Brief: Both ends included, restate word for word the lines from the first line of the listing through the line containing "[0:12.2-0:24.2]". Leave the pictures out.

Data to use:
┌────────

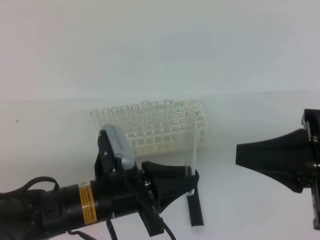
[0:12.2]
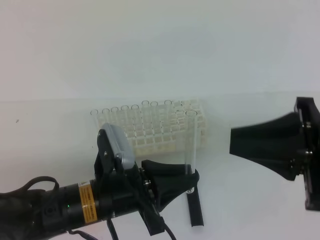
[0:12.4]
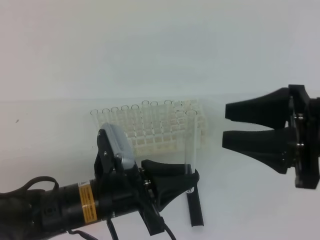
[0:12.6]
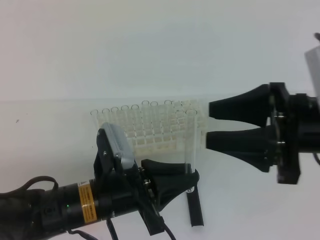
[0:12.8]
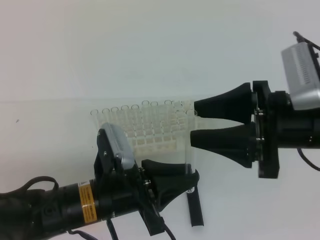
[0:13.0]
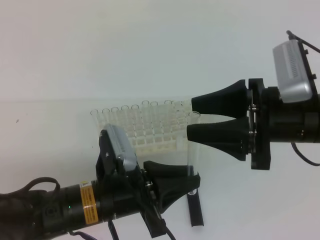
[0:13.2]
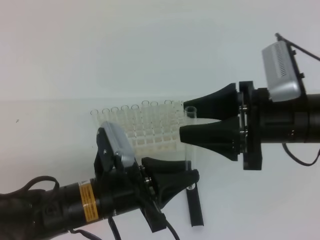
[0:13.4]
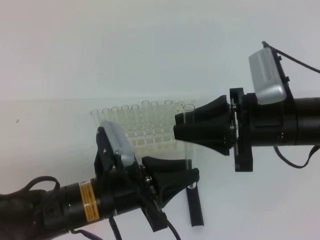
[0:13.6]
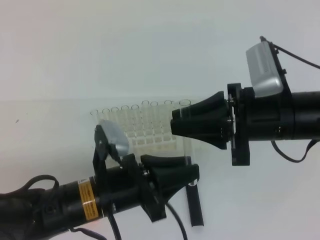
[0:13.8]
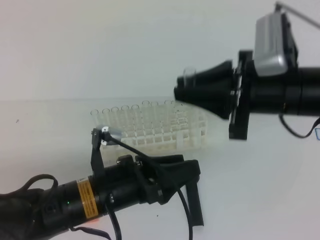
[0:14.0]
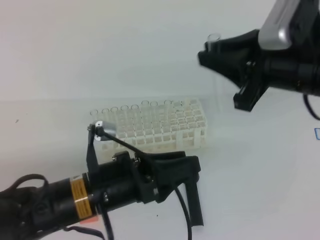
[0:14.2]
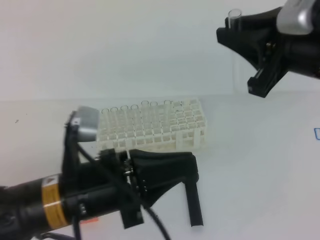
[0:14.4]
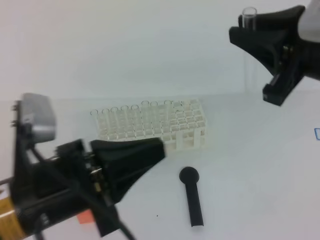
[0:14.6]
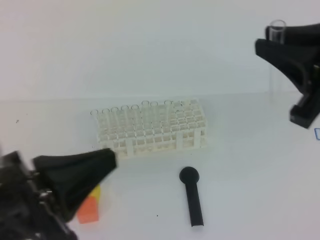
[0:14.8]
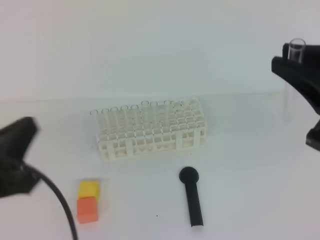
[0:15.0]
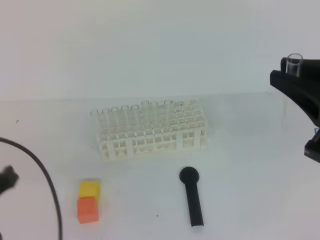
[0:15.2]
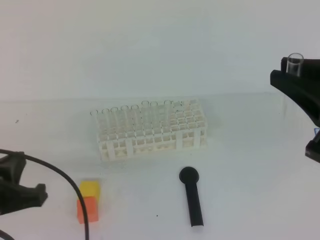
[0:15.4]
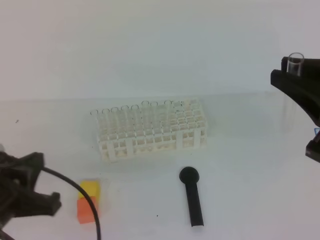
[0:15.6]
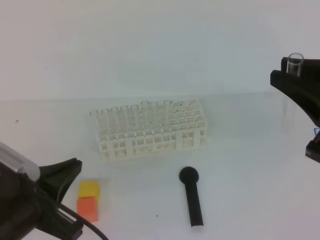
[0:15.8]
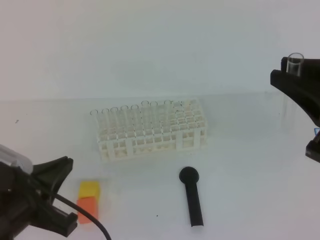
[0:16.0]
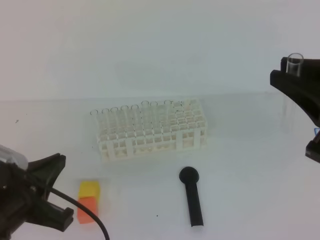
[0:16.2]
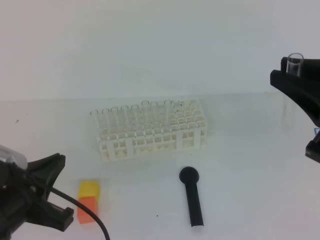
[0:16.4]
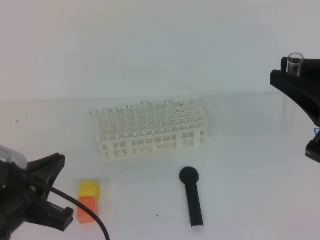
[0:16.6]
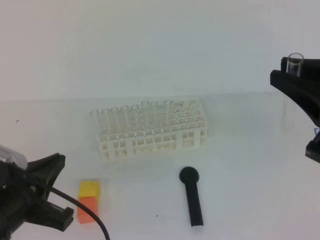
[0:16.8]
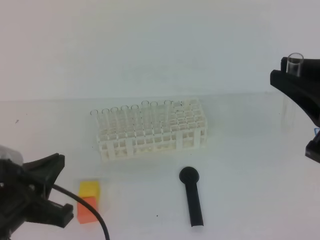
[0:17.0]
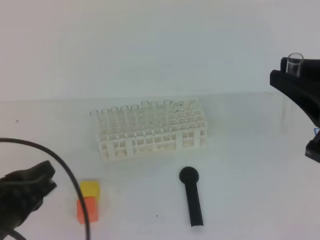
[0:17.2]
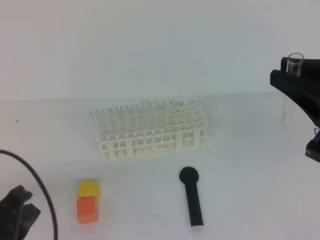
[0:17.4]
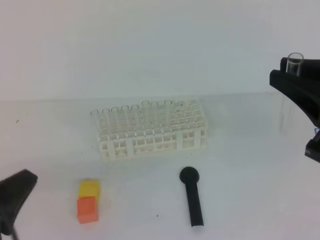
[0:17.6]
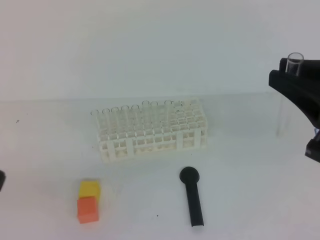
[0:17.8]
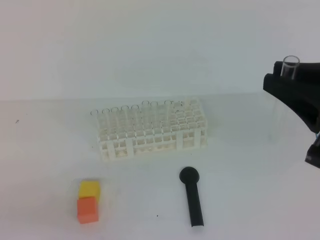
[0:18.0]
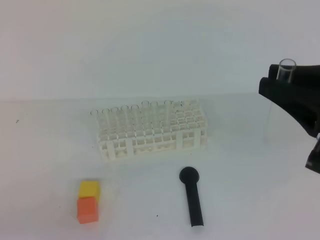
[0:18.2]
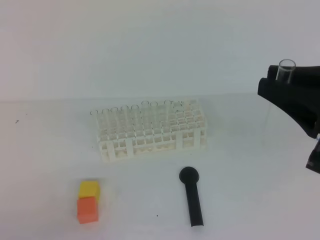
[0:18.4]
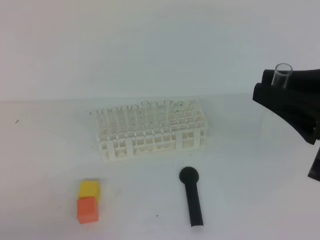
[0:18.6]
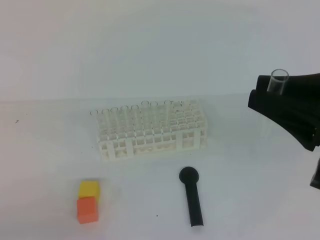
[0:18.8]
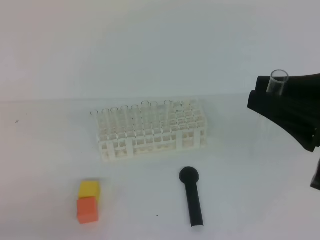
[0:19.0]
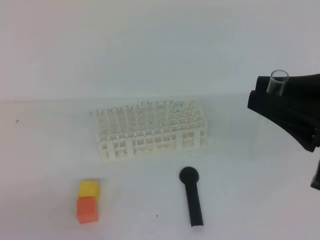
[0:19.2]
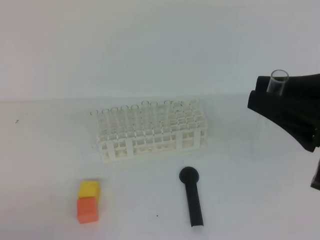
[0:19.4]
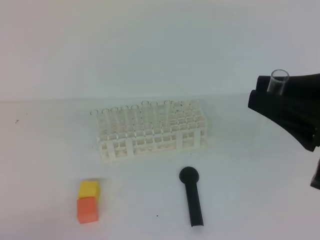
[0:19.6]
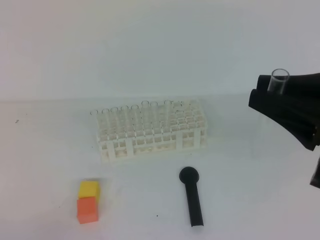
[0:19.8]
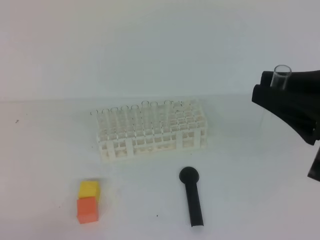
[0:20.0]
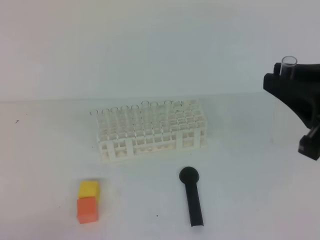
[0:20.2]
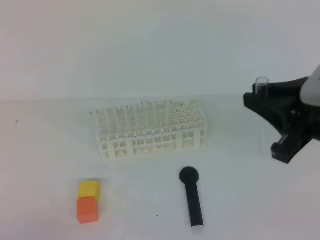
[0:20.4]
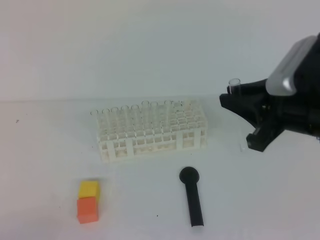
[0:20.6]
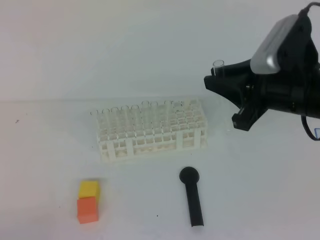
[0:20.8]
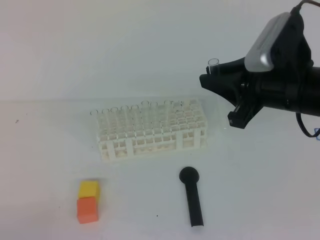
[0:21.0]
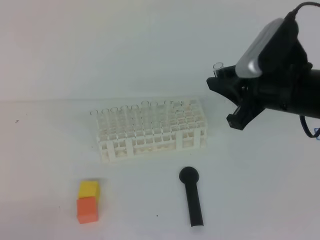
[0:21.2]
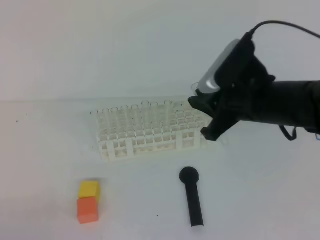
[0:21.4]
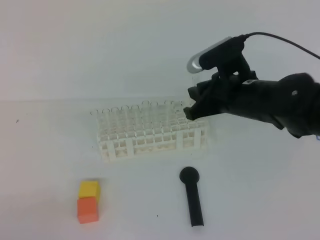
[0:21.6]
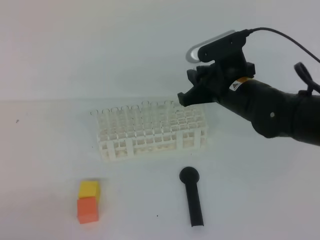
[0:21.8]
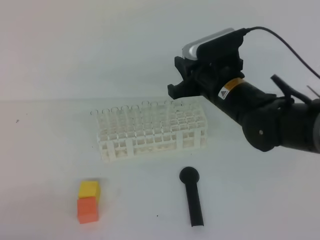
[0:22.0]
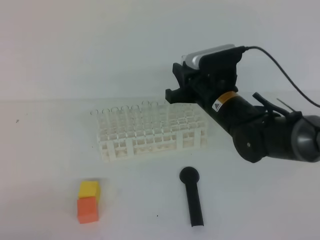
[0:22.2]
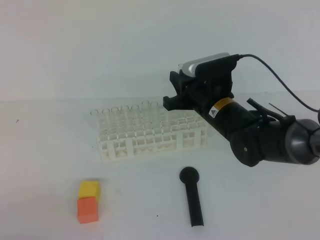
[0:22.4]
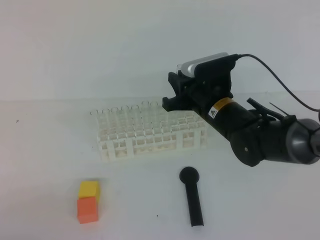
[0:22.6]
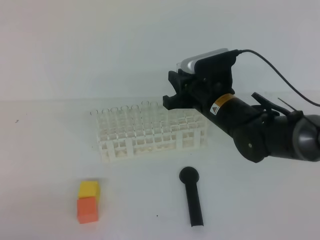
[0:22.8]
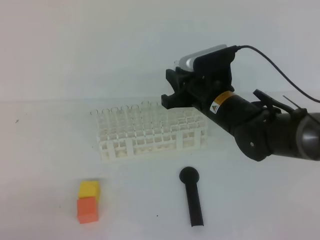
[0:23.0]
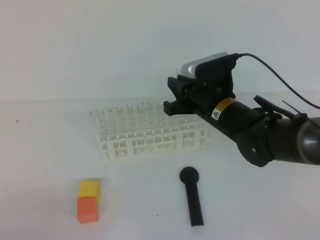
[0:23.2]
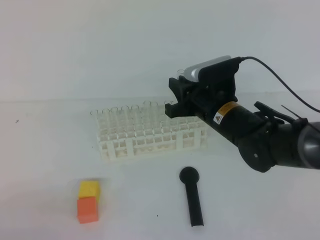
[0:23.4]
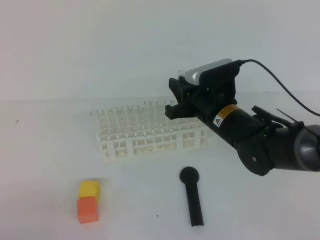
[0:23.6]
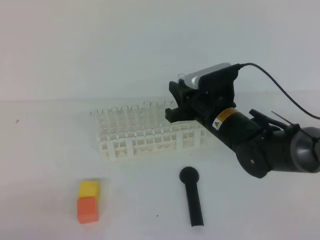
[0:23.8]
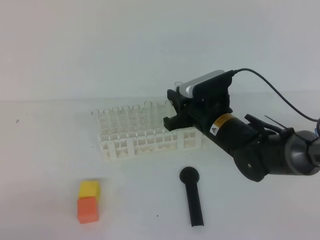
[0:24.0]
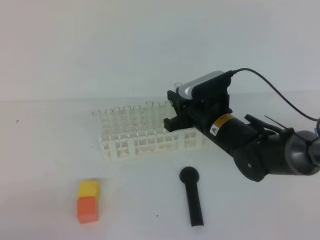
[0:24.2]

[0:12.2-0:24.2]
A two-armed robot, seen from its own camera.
0:12.2 to 0:13.8: The right gripper is displaced forward and to the left by about 10 cm, and opens, then closes again; the left gripper opens its fingers.
0:13.8 to 0:15.2: The right gripper moves to the right, backward and upward, roughly 15 cm; the left gripper heads to the left, upward and backward, covering roughly 15 cm, and closes its fingers.
0:16.6 to 0:18.2: The left gripper is displaced backward and to the left by roughly 10 cm.
0:19.8 to 0:21.2: The right gripper travels forward and downward by roughly 15 cm.
0:21.2 to 0:22.6: The right gripper heads downward, forward and to the left, covering roughly 15 cm.
0:22.6 to 0:24.2: The grippers make only small movements.

└────────

Solution for this task:
[0:12.2]
[0:12.4]
[0:12.6]
[0:12.8]
[0:13.0]
[0:13.2]
[0:13.4]
[0:13.6]
[0:13.8]
[0:14.0]
[0:14.2]
[0:14.4]
[0:14.6]
[0:14.8]
[0:15.0]
[0:15.2]
[0:15.4]
[0:15.6]
[0:15.8]
[0:16.0]
[0:16.2]
[0:16.4]
[0:16.6]
[0:16.8]
[0:17.0]
[0:17.2]
[0:17.4]
[0:17.6]
[0:17.8]
[0:18.0]
[0:18.2]
[0:18.4]
[0:18.6]
[0:18.8]
[0:19.0]
[0:19.2]
[0:19.4]
[0:19.6]
[0:19.8]
[0:20.0]
[0:20.2]
[0:20.4]
[0:20.6]
[0:20.8]
[0:21.0]
[0:21.2]
[0:21.4]
[0:21.6]
[0:21.8]
[0:22.0]
[0:22.2]
[0:22.4]
[0:22.6]
[0:22.8]
[0:23.0]
[0:23.2]
[0:23.4]
[0:23.6]
[0:23.8]
[0:24.0]
[0:24.2]

[0:12.2-0:24.2]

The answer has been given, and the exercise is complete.